Counsel for defendant in their brief say that under the physical conditions obtaining at the time the injuries complained of were received, plaintiff had ample time to seat himself before the cars reached the wagon by which he was struck; at the same time they admit that the testimony as to the cause of the injuries of which plaintiff complains, was exceedingly conflicting. This question was one of the issues presented by the instructions to which no objections are made, [656]*656save and except plaintiff’s first, and the jury found against defendant’s contention.
Nor is it claimed that the verdict was not authorized by the evidence, except as to the amount, which defendant insists was excessive, and manifestly the result of prejudice on the part of the jury, and greatly in excess of any sum which the evidence justified, and that the judgment ought to be reversed upon that ground.
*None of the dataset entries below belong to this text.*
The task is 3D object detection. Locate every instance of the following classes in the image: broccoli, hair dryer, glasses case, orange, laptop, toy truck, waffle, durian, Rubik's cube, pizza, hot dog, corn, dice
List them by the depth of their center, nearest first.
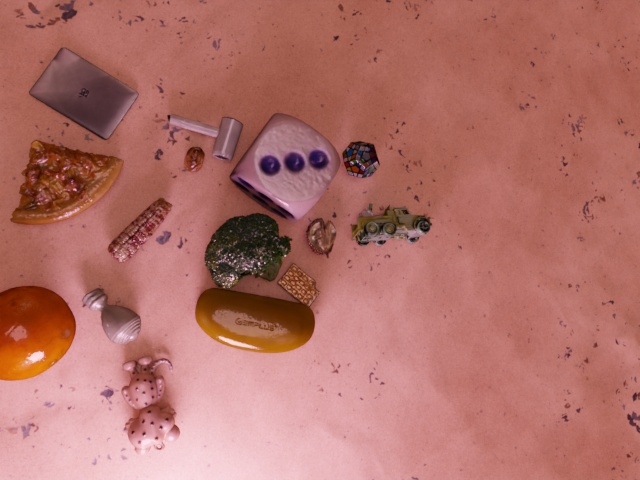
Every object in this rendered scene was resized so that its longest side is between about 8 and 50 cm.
[{"bbox_3d":[-0.802,0.251,1.447,0.261,0.261,0.260,1,84,-14],"label":"orange"},{"bbox_3d":[-0.751,-0.154,1.595,0.269,0.087,0.257,11,85,-15],"label":"pizza"},{"bbox_3d":[-0.549,-0.036,1.632,0.079,0.079,0.237,40,76,-7],"label":"corn"},{"bbox_3d":[-0.225,0.038,1.647,0.242,0.262,0.269,39,77,-47],"label":"broccoli"},{"bbox_3d":[-0.203,0.255,1.653,0.372,0.141,0.173,12,82,-12],"label":"glasses case"},{"bbox_3d":[-0.732,-0.456,1.661,0.269,0.015,0.187,31,78,-9],"label":"laptop"},{"bbox_3d":[-0.112,-0.226,1.678,0.259,0.243,0.251,36,77,-11],"label":"dice"},{"bbox_3d":[-0.403,-0.261,1.711,0.058,0.035,0.083,15,81,-8],"label":"hot dog"},{"bbox_3d":[-0.379,-0.350,1.712,0.237,0.073,0.131,18,82,-9],"label":"hair dryer"},{"bbox_3d":[-0.065,0.149,1.759,0.135,0.021,0.092,39,77,-7],"label":"waffle"},{"bbox_3d":[0.002,0.000,1.766,0.111,0.071,0.140,-6,72,-19],"label":"durian"},{"bbox_3d":[0.137,-0.274,1.806,0.112,0.133,0.133,27,77,-38],"label":"Rubik's cube"},{"bbox_3d":[0.239,-0.061,1.807,0.260,0.128,0.135,1,70,-14],"label":"toy truck"}]

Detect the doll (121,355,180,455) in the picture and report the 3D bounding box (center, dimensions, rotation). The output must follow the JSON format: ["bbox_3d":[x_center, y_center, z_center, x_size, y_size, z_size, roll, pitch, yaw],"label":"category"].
[{"bbox_3d":[-0.504,0.482,1.578,0.154,0.119,0.277,-6,76,-15],"label":"doll"}]

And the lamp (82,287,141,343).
[{"bbox_3d":[-0.614,0.223,1.582,0.193,0.106,0.106,44,76,4],"label":"lamp"}]
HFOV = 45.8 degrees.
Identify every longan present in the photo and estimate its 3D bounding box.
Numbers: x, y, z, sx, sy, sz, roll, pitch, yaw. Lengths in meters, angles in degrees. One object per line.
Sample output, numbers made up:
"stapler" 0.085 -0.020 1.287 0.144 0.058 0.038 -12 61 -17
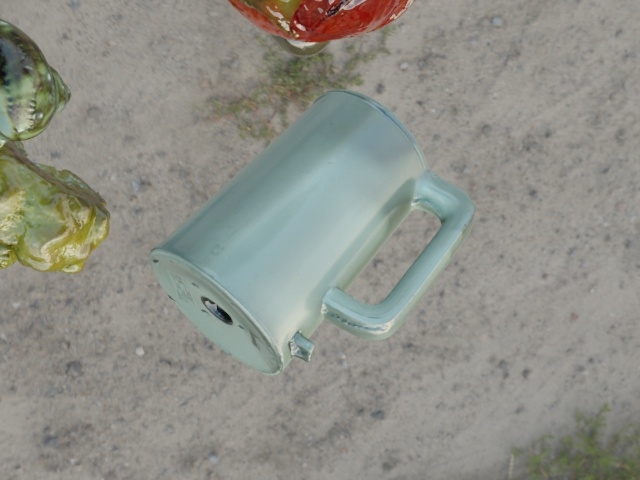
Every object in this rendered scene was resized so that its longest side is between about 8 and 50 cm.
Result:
"longan" -0.040 -0.525 1.708 0.198 0.198 0.212 21 90 -29

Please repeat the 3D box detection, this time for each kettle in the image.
"kettle" -0.009 -0.012 0.914 0.318 0.265 0.205 -47 124 -26

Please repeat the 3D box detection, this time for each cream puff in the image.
"cream puff" -0.460 -0.044 1.148 0.282 0.282 0.185 34 91 -30

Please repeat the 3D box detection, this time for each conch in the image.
"conch" -0.392 -0.169 0.876 0.182 0.124 0.187 21 119 -19

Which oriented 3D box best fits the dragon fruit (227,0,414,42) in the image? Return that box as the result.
"dragon fruit" 0.018 -0.258 0.606 0.218 0.148 0.223 -36 122 -2
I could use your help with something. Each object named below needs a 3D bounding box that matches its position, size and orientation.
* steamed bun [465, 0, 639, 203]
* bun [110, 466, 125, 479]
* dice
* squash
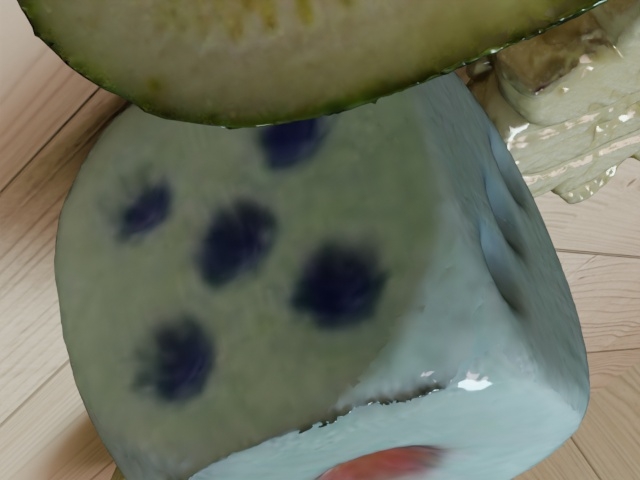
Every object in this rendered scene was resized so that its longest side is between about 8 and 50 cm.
[{"bbox_3d":[0.216,-0.152,1.083,0.295,0.137,0.292,-1,147,-42],"label":"steamed bun"},{"bbox_3d":[-0.063,0.229,1.431,0.364,0.202,0.364,-27,152,-16],"label":"bun"},{"bbox_3d":[0.006,0.037,0.927,0.265,0.262,0.268,-25,152,19],"label":"dice"},{"bbox_3d":[0.010,-0.181,0.597,0.309,0.233,0.210,-29,-167,-10],"label":"squash"}]
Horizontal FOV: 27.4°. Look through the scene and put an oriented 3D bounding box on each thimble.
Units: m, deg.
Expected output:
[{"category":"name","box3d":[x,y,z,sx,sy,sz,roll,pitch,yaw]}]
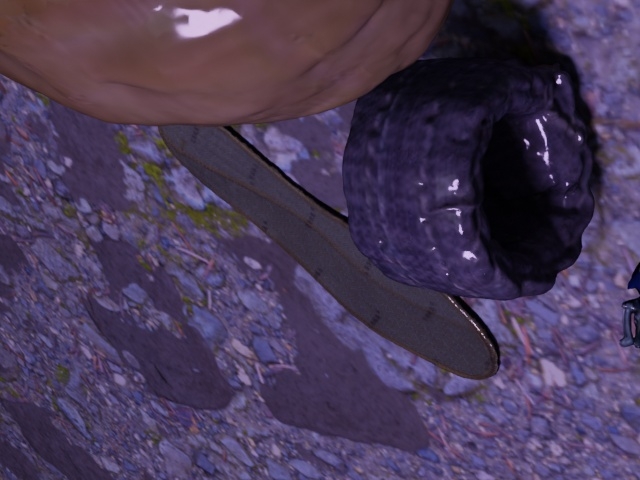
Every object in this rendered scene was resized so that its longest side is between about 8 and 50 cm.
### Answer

That this court will reverse the judgment of a trial court based upon the verdict of a jury which is manifestly the result of prejudice, or passion, there can be no doubt, but there is nothing in this record to sustain this assertion. Clearly the amount of the verdict itself, under the circumstances attending the injury, and its consequent results would not justify such an imputation upon the jury.
The only question remaining is with respect to the amount of damages allowed by the jury, whether or not excessive, and if so if to such an extent as to justify a reversal upon that ground. Plaintiff was the only witness who testified as to the nature and extent of his injuries, pain and suffering, and, according to his testimony which was not contradicted, he remained in bed continuously for about two months after-wards; that his hand was bruised and his thumb dislocated; that his ribs were fractured; that he expectorated blood quite freely at first for about six weeks, and that for six months after the accident he was unable to sleep on his right side because of the pain it gave him to- do so; that at the time of the trial, two and one-half years after the accident, he was a nervous wreck, unable to do work of any kind, and that he then was suffering with pains on both sides; that his skin on his right sidé was mottled in appearance, and that previous to the time of the accident he was in good health for a man of his age, and was suffering no infirmity.
While plaintiff’s injuries were serious the damages assessed seem large, but the judge who tried the case gave the verdict his sanction, and, under such circumstances, the verdict is not [657]*657so excessive as to justify us in reversing the judgment upon that ground alone.
We therefore affirm the judgment. Gantt, G. J., Brace and Valliant, JJ., concur; Sherwood, Marshall and Robinson, JJ., dissent.